A Short Analysis of William Wordsworth’s ‘Perfect Woman’

Literature

‘Perfect Woman’, sometimes known by its first line, ‘She was a phantom of delight’, is a poem William Wordsworth (1770-1850) wrote in 1804 about his wife, Mary Hutchinson. The poem is a classic example of uxorious poetry – poetry written about the love for a wife – and although its meaning is fairly straightforward, a few words of analysis will help to elucidate certain features of Wordsworth’s ‘Perfect Woman’. First, though, here’s the poem:

Perfect Woman

She was a phantom of delight
When first she gleam’d upon my sight;
A lovely apparition, sent
To be a moment’s ornament;
Her eyes as stars of twilight fair;
Like twilight’s, too, her dusky hair;
But all things else about her drawn
From Maytime and the cheerful dawn;
A dancing shape, an image gay,
To haunt, to startle, and waylay.

I saw her upon nearer view,
A Spirit, yet a Woman too!
Her household motions light and free,
And steps of virgin liberty;
A countenance in which did meet
Sweet records, promises as sweet;
A creature not too bright or good
For human nature’s daily food;
For transient sorrows, simple wiles,
Praise, blame, love, kisses, tears, and smiles.

And now I see with eye serene
The very pulse of the machine;
A being breathing thoughtful breath,
A traveller between life and death;
The reason firm, the temperate will,
Endurance, foresight, strength, and skill;
A perfect Woman, nobly plann’d,
To warm, to comfort, and command;
And yet a Spirit still, and bright
With something of angelic light.

‘Perfect Woman’ is a romantic poem (written in praise of the poet’s wife) but also a Romantic poem, with a capital ‘R’: the poem is written by one of the leading first-generation poets of English Romanticism.

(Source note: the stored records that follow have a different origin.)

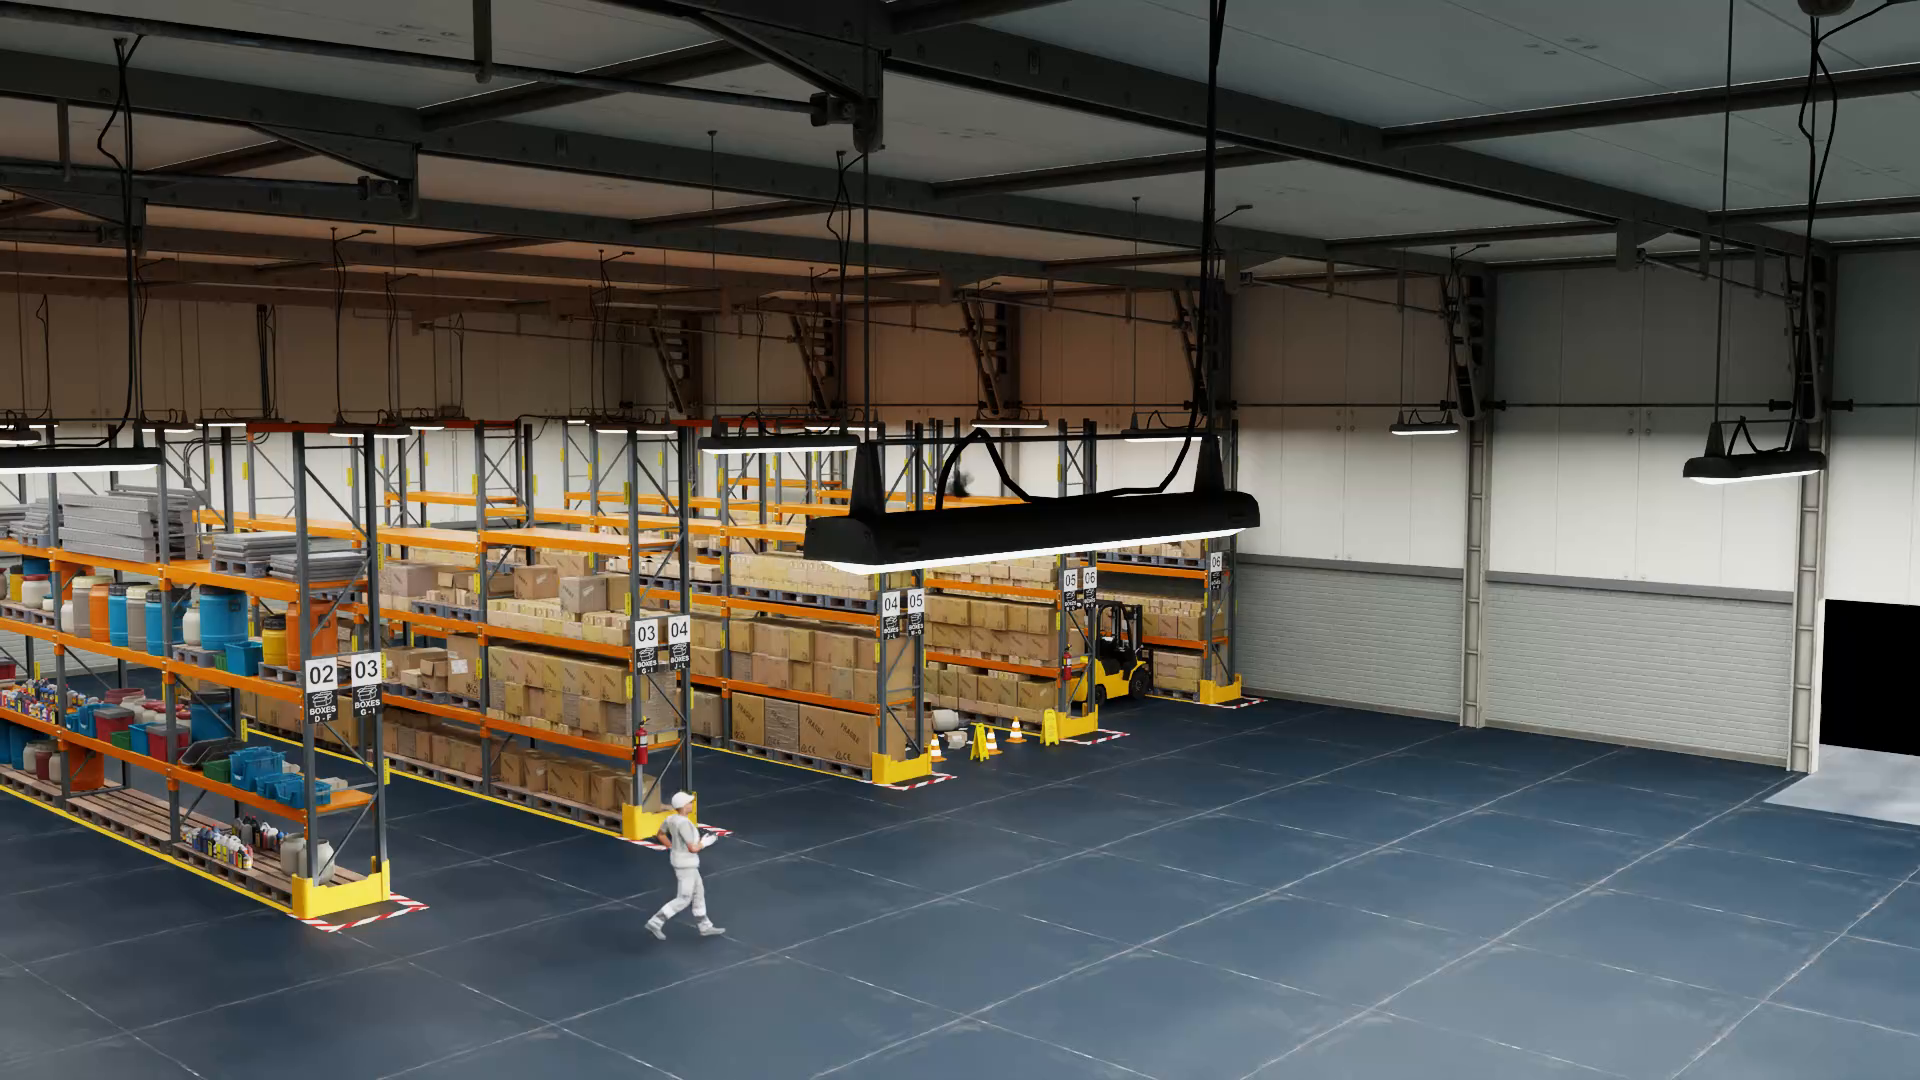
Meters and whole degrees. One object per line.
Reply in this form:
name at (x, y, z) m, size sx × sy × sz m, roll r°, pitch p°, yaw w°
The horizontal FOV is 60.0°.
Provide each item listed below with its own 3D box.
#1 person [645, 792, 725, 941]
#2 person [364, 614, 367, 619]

The clue to the meaning of ‘Perfect Woman’ lies in that first line: ‘She was a phantom of delight’. Wordsworth praises his wife as semi-

supernatural or ethereal. This ghostly or quasi-ghostly language (‘apparition’, ‘haunt’) continues throughout the opening stanza of the poem. The emphasis is on images and seeing: Wordsworth goes back to when his wife ‘first … gleam’d upon my sight’.

In the second stanza, Wordsworth continues to put his wife on a pedestal: ‘A Spirit, yet a Woman too!’ The poet then moves into the domestic sphere, drawing attention to his wife’s ‘household motions’. Both the past (‘Sweet records’) and future (‘promises as sweet’) are written in her face or ‘countenance’. The line ‘A creature not too bright or good’ sounds patronisingly insulting, and hasn’t aged well; but Wordsworth, who wanted to write poetry in the language of ordinary people and capture the lives of ordinary folk, has a reverence for the daily. In other words, then, the lines ‘A creature not too bright or good / For human nature’s daily food’ praise Mary as not being too proud or haughty to take pleasure in the ‘daily food’ of ordinary humankind.

In the final stanza of the poem, the focus remains firmly on the visual: ‘And now I see with eye serene / The very pulse of the machine’. ‘Machine’ here is not a reference to the Industrial Revolution, or at least almost certainly not: Wordsworth is using ‘machine’ in the sense of ‘body’ or ‘living organism’. Mary is still described somewhat condescendingly as a ‘being’ (recall ‘creature’ from the previous stanza), but her ‘reason’ is ‘firm’ and her endurance, foresight, strength, and skill are all praised. Nor is Mary simply a comforter to her famous husband, the great poet Wordsworth: yes, she is there to ‘warm’ and to ‘comfort’ him, but also to ‘command’. Before Coventry Patmore coined the phrase ‘angel in the house’ to describe the Victorian wife and mother, Wordsworth celebrates the ‘angelic light’ of his wife.

‘Perfect Woman’ is written in fairly regular iambic tetrameter, which means there are four iambs per line, an iamb being a metrical foot comprising an unstressed syllable followed by a stressed one. So, in the first line: ‘She WAS a PHAN-tom OF de-LIGHT’. This simple, straightforward metre is in keeping with the subject of the poem, which praises the ‘perfect woman’ for her plain charms. The rhyming couplets offer an uncomplicated rhyme scheme, which reflects this.